Non copiare nessuno,
ridi se ti copiano.
A. FORMIGGINI
Editore in Roma
Nel 1931 questo racconto entra nel suo primo libro Ritorno in città edito dalla Libreria Vincenzi, sempre di mio nonno, che sarà ripubblicato nel 1933 dal suo amico Ugo Guandalini, l’editore Guanda. Nel 1932 Delfini va a Parigi con Mario Pannunzio che nel 1933 gli pubblica su Oggi alcuni dei racconti che faranno parte del Ricordo della Basca pubblicato nel 1938. «Se fossi un editore, radunerei tutti i suoi libri in un volume unico. Lo farei subito, senza perdere un solo istante». Lo scriveva Natalia Ginzburg sulla Stampa il 12 gennaio 1971. Antonio Delfini era morto il 23 febbraio 1963. Quell’anno aveva vinto il premio Viareggio con I racconti, pubblicati postumi da Attilio Bertolucci per Garzanti. Più passano gli anni, più lo scrittore modenese, irregolare, dilapidatore, autore di racconti indimenticabili, si impone come uno dei più importanti autori italiani del Novecento.

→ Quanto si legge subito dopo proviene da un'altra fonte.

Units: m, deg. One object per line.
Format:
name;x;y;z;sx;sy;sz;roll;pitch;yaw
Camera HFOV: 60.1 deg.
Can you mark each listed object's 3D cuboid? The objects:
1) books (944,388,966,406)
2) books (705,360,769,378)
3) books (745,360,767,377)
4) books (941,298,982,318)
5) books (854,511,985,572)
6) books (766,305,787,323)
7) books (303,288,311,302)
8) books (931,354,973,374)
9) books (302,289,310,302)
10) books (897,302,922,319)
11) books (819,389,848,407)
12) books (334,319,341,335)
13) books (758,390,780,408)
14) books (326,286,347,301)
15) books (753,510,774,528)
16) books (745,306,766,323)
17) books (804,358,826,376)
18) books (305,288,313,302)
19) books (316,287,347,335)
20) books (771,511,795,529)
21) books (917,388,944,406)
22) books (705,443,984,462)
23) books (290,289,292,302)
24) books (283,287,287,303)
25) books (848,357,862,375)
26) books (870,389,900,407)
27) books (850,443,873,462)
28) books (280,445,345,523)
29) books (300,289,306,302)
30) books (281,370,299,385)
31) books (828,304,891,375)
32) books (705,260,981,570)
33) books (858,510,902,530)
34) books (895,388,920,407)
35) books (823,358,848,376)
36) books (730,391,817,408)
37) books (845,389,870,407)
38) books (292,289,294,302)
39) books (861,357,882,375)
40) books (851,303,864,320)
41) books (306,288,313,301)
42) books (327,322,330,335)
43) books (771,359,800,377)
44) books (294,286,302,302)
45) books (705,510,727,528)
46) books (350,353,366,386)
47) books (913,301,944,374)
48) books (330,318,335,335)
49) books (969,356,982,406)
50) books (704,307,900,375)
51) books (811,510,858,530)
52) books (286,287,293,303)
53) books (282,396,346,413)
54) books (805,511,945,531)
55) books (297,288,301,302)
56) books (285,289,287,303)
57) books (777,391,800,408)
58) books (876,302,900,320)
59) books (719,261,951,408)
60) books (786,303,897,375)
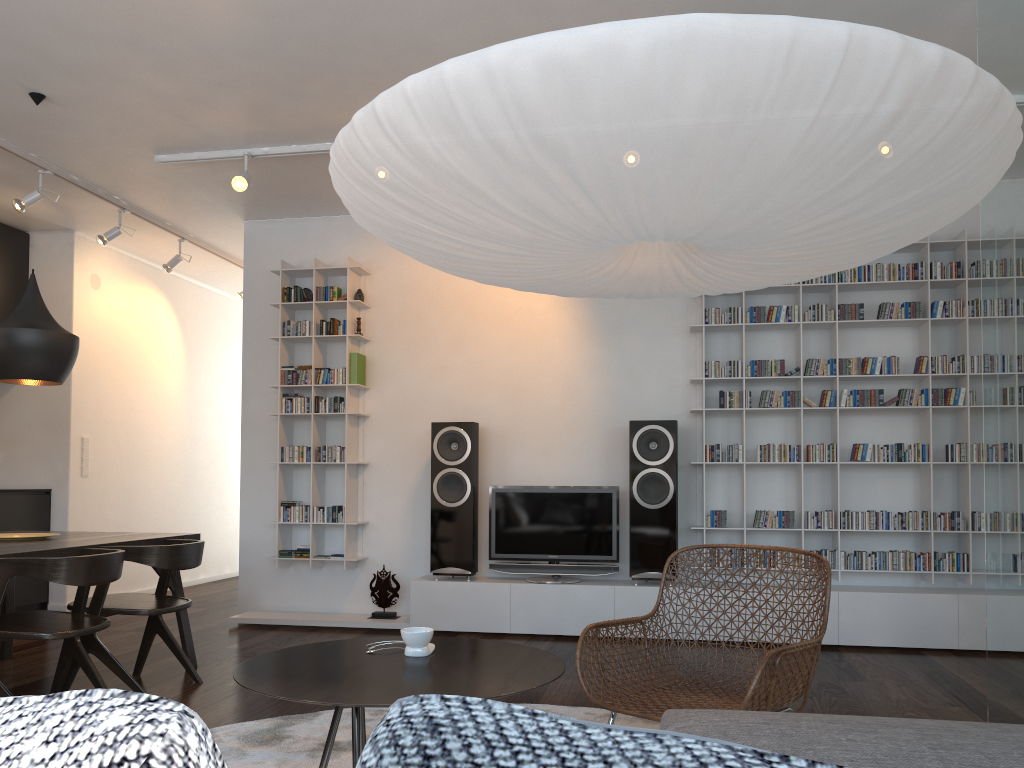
books;2.594;0.079;5.196;0.118;0.108;0.090;-1;-4;11
books;1.379;-0.086;5.432;0.384;0.104;0.102;-1;-4;11
books;1.491;-0.088;5.410;0.132;0.104;0.100;-1;-4;9
books;2.825;-0.183;5.166;0.568;0.624;0.115;-1;-2;11
books;2.586;0.919;5.170;1.133;0.348;0.115;-1;-3;11
books;1.614;-0.418;5.399;0.118;0.108;0.090;-1;-4;11
books;-1.363;-0.592;5.946;0.057;0.098;0.069;0;-4;11
books;2.580;-0.110;5.207;0.232;0.112;0.102;-1;-4;11
books;-1.380;-0.588;5.948;0.046;0.090;0.070;0;-4;11
books;2.359;-0.428;5.260;0.132;0.104;0.100;-1;-4;9
books;1.933;0.091;5.320;0.158;0.110;0.090;-1;-4;11
books;-1.165;-0.373;5.903;0.016;0.107;0.069;0;-3;11
books;1.566;0.095;5.389;0.118;0.108;0.090;-1;-4;11
books;-1.155;-0.595;5.936;0.160;0.110;0.102;-1;-4;11
books;1.527;0.820;5.369;0.118;0.108;0.090;-1;-4;11
books;1.488;-0.415;5.423;0.132;0.104;0.100;-1;-4;9
books;1.829;-0.096;5.346;0.118;0.108;0.090;-1;-4;11
books;-1.354;-0.592;5.944;0.057;0.098;0.069;0;-4;11
books;-1.192;-0.482;5.939;0.229;0.332;0.108;0;-3;11
books;1.641;0.819;5.348;0.132;0.104;0.100;-1;-4;9
books;2.466;0.083;5.221;0.144;0.104;0.099;-1;-4;9
books;2.137;0.410;5.273;1.924;0.114;0.115;-1;-4;11
books;-1.478;-0.587;5.967;0.014;0.092;0.070;0;-4;11
books;-1.529;-0.593;5.979;0.016;0.107;0.069;0;-3;11
books;2.050;-0.099;5.305;0.074;0.108;0.090;0;-4;11
books;2.215;0.088;5.267;0.163;0.106;0.090;-1;-4;11
books;2.087;0.410;5.279;0.118;0.108;0.090;-1;-4;11
books;-1.314;0.669;5.919;0.469;0.509;0.123;-1;-2;11
books;-1.403;-0.589;5.953;0.028;0.093;0.070;0;-4;11
books;-1.493;-0.037;5.967;0.101;0.104;0.096;-1;-4;11
books;2.076;-0.260;5.309;0.350;0.430;0.100;0;-2;10
books;2.148;0.193;5.279;1.952;1.814;0.115;-1;-2;11
books;2.175;0.808;5.251;0.234;0.112;0.115;-1;-4;11
books;2.346;0.084;5.243;0.118;0.108;0.090;-1;-4;11
books;1.946;-0.096;5.325;0.139;0.104;0.100;-1;-4;9
books;1.588;0.098;5.384;0.503;0.105;0.090;-1;-4;11
books;2.068;0.090;5.296;0.132;0.104;0.100;-1;-4;9
books;-1.464;-0.587;5.966;0.014;0.092;0.070;0;-4;11
books;2.145;-0.102;5.287;0.118;0.108;0.090;-1;-4;11
books;2.069;-0.424;5.314;0.074;0.104;0.090;0;-4;11
books;-1.345;-0.592;5.943;0.057;0.098;0.069;0;-4;11
books;-1.213;-0.365;5.908;0.020;0.092;0.070;0;-4;11
books;1.663;-0.091;5.377;0.163;0.106;0.090;-1;-4;11
books;-1.445;-0.599;5.962;0.029;0.115;0.074;0;-3;11
books;1.250;0.826;5.421;0.132;0.104;0.100;-1;-4;9
books;-1.035;-0.093;5.943;0.049;0.213;0.166;0;-4;11
books;2.465;-0.270;5.233;0.156;0.430;0.090;0;-2;11
books;-1.189;-0.377;5.906;0.029;0.115;0.074;0;-3;11
books;2.777;-0.020;5.169;0.231;0.299;0.115;0;-3;11
books;1.745;-0.256;5.369;1.124;0.430;0.102;-1;-2;11
books;1.925;0.812;5.297;0.268;0.112;0.100;-1;-4;9
books;-1.497;-0.594;5.969;0.023;0.107;0.069;0;-3;11
books;-1.310;0.146;5.942;0.467;0.112;0.123;-1;-5;11
books;2.146;0.808;5.256;0.764;0.112;0.115;-1;-4;11
books;-1.422;-0.592;5.956;0.019;0.099;0.075;0;-4;11
books;-1.515;-0.586;5.973;0.014;0.092;0.070;0;-4;11
books;1.679;0.098;5.368;0.132;0.104;0.100;-1;-4;9
books;2.245;-0.427;5.281;0.118;0.108;0.090;-1;-4;11
books;2.052;-0.284;5.315;1.753;0.855;0.115;-1;-2;11
books;1.980;-0.264;5.327;0.621;0.437;0.101;-1;-2;10

Nel 1982 l’editore Einaudi pubblica i Diari di Antonio Delfini a cura di Giovanna Delfini, la figlia, e di Natalia Ginzburg. Li anticipa una lunga bellissima prefazione di Cesare Garboli, un critico che sa raccontare. Questo testo di Garboli è stato ripubblicato quest’anno in un libro autonomo col titolo di Un uomo pieno di gioia da Minimum fax con una prefazione di Emanuele Trevi. Così come Garzanti ha appena ripubblicato l’edizione del 1963 de I racconti, quelli con cui Delfini vinse da morto il premio Viareggio. «Uno dei libri più belli e sfortunati del Novecento» scrisse Garboli.
Einaudi ha ora pubblicato una nuova edizione dei Diari, a cura di Irene Babboni, ricavata dai manoscritti inediti dello scrittore. Un libro straordinario di uno scrittore imprevedibile e fantasioso che sfugge a qualsiasi classificazione, la cui voce ascoltiamo come sorprendentemente contemporanea.
Beppe Cottafavi
C’è una ragazza alla finestra
La città del mio sogno è lunga, ha le case bianche, e sui davanzali cinguettano gli uccellini mentre un gatto nero dai grandi occhi gialli li sta guardando con la bocca tremante e quasi piangendo.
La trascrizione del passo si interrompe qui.